• [Problem details] Everything from the line containing "Step 1: Recall Heron's formula" through the last line of the data below should be set down exactly, and nothing else.

• [The records]
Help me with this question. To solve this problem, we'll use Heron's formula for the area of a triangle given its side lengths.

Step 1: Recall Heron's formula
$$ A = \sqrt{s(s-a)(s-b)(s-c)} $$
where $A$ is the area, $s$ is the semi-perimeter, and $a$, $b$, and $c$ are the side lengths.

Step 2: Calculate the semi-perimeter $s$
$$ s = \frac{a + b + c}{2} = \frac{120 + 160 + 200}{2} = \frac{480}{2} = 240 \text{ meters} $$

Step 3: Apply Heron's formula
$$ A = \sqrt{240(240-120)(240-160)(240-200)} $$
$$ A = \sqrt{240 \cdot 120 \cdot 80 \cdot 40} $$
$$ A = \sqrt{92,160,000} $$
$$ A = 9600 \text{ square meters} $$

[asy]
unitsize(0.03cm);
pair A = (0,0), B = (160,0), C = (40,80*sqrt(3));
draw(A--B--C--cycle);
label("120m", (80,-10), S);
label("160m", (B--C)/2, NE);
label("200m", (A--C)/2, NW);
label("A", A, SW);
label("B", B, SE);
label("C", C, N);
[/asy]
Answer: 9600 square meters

• [The completed task]
Step 1: Recall Heron's formula
$$ A = \sqrt{s(s-a)(s-b)(s-c)} $$
where $A$ is the area, $s$ is the semi-perimeter, and $a$, $b$, and $c$ are the side lengths.

Step 2: Calculate the semi-perimeter $s$
$$ s = \frac{a + b + c}{2} = \frac{120 + 160 + 200}{2} = \frac{480}{2} = 240 \text{ meters} $$

Step 3: Apply Heron's formula
$$ A = \sqrt{240(240-120)(240-160)(240-200)} $$
$$ A = \sqrt{240 \cdot 120 \cdot 80 \cdot 40} $$
$$ A = \sqrt{92,160,000} $$
$$ A = 9600 \text{ square meters} $$

[asy]
unitsize(0.03cm);
pair A = (0,0), B = (160,0), C = (40,80*sqrt(3));
draw(A--B--C--cycle);
label("120m", (80,-10), S);
label("160m", (B--C)/2, NE);
label("200m", (A--C)/2, NW);
label("A", A, SW);
label("B", B, SE);
label("C", C, N);
[/asy]
Answer: 9600 square meters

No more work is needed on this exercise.